■ Action item
The entries below hold a line with "list Het is de" and a line with "list Het is eenieder". Return those lines and all that lie between them, exactly and only.

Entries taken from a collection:
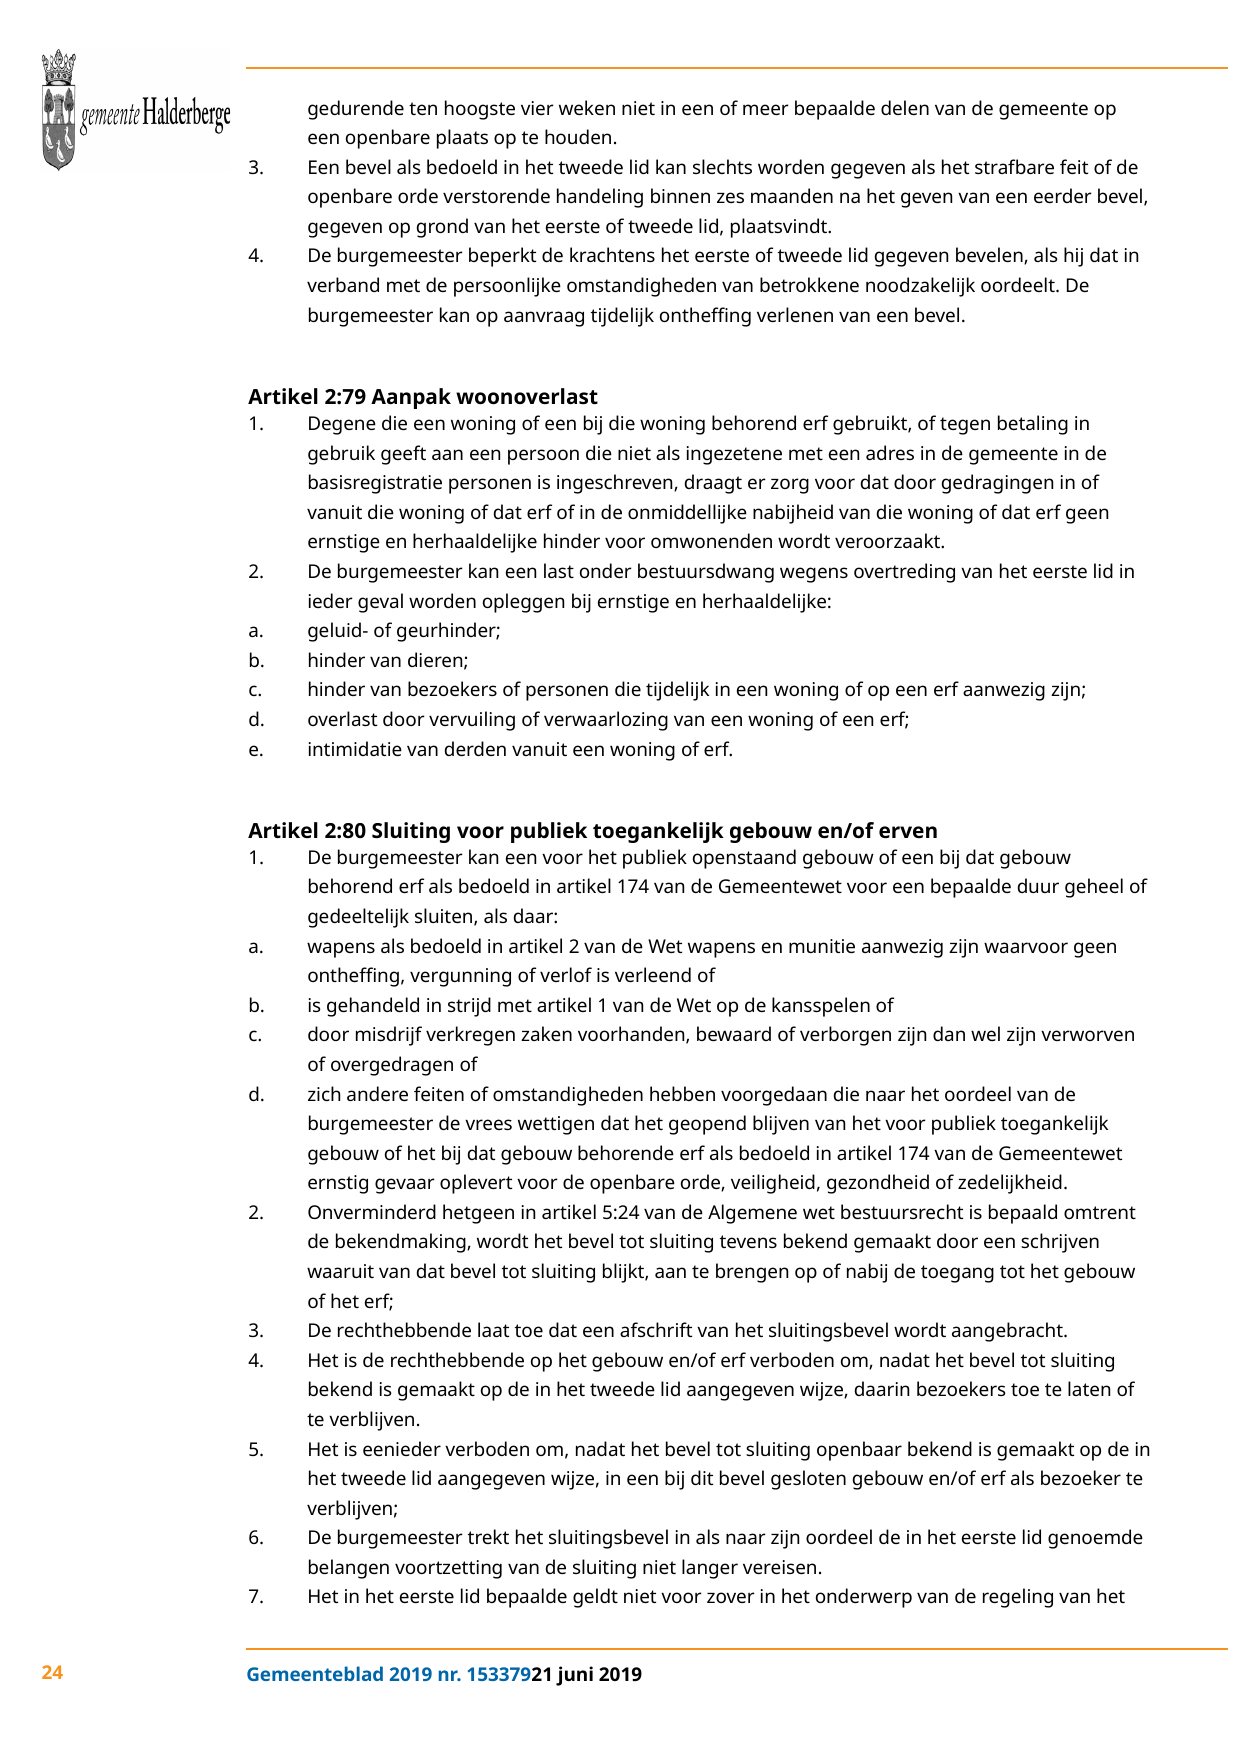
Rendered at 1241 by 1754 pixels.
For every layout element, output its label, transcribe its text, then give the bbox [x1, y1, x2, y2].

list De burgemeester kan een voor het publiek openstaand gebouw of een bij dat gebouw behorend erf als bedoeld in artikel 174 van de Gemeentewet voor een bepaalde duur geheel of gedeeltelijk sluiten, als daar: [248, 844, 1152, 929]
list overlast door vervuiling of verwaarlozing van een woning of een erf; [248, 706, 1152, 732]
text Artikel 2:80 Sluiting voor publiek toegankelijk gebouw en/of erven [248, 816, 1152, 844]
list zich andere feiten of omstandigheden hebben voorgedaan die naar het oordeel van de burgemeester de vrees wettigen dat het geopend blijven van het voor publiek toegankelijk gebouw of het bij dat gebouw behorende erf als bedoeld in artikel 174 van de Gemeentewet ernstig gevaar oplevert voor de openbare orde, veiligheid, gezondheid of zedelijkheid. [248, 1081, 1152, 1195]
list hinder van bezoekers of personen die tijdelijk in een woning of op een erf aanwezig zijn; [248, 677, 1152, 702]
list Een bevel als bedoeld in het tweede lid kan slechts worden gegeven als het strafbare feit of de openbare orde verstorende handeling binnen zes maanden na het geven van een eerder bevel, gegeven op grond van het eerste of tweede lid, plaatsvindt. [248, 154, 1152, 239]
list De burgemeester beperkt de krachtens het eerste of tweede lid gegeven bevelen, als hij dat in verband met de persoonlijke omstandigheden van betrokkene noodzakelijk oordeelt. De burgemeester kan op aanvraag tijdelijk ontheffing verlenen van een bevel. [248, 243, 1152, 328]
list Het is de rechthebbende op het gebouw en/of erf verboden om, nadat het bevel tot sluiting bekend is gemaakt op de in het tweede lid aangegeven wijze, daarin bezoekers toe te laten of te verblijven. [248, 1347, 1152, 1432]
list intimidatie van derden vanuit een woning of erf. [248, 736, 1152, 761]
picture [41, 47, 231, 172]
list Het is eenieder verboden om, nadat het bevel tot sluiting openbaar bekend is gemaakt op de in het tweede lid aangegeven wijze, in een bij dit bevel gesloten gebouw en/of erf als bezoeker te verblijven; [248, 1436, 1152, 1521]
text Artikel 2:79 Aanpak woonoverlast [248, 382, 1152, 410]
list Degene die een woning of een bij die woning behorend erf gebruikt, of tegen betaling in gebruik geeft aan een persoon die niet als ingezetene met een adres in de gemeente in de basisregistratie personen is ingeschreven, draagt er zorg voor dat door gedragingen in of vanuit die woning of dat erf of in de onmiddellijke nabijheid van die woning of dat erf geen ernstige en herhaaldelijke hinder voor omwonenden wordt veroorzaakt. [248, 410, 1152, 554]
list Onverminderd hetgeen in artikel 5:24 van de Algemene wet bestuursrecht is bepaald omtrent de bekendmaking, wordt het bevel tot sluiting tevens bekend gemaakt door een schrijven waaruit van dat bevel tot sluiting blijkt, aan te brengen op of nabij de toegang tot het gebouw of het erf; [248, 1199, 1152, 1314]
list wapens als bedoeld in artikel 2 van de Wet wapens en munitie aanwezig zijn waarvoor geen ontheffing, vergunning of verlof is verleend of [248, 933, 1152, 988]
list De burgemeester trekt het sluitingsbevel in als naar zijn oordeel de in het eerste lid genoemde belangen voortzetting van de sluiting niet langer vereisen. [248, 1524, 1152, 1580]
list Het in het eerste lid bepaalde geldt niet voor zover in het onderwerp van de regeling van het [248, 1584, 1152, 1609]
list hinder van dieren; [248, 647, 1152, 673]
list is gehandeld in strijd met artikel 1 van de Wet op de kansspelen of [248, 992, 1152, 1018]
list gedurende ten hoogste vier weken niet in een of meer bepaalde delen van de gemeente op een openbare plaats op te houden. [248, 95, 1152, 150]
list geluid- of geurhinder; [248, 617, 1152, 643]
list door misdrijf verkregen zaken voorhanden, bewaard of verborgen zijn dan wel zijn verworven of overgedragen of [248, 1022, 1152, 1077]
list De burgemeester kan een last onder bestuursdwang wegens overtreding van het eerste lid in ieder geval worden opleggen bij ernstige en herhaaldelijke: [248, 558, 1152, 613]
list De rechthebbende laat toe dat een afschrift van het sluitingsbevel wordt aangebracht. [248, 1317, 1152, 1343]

■ Reply to the exercise
list Het is de rechthebbende op het gebouw en/of erf verboden om, nadat het bevel tot sluiting bekend is gemaakt op de in het tweede lid aangegeven wijze, daarin bezoekers toe te laten of te verblijven. [248, 1347, 1152, 1432]
list intimidatie van derden vanuit een woning of erf. [248, 736, 1152, 761]
picture [41, 47, 231, 172]
list Het is eenieder verboden om, nadat het bevel tot sluiting openbaar bekend is gemaakt op de in het tweede lid aangegeven wijze, in een bij dit bevel gesloten gebouw en/of erf als bezoeker te verblijven; [248, 1436, 1152, 1521]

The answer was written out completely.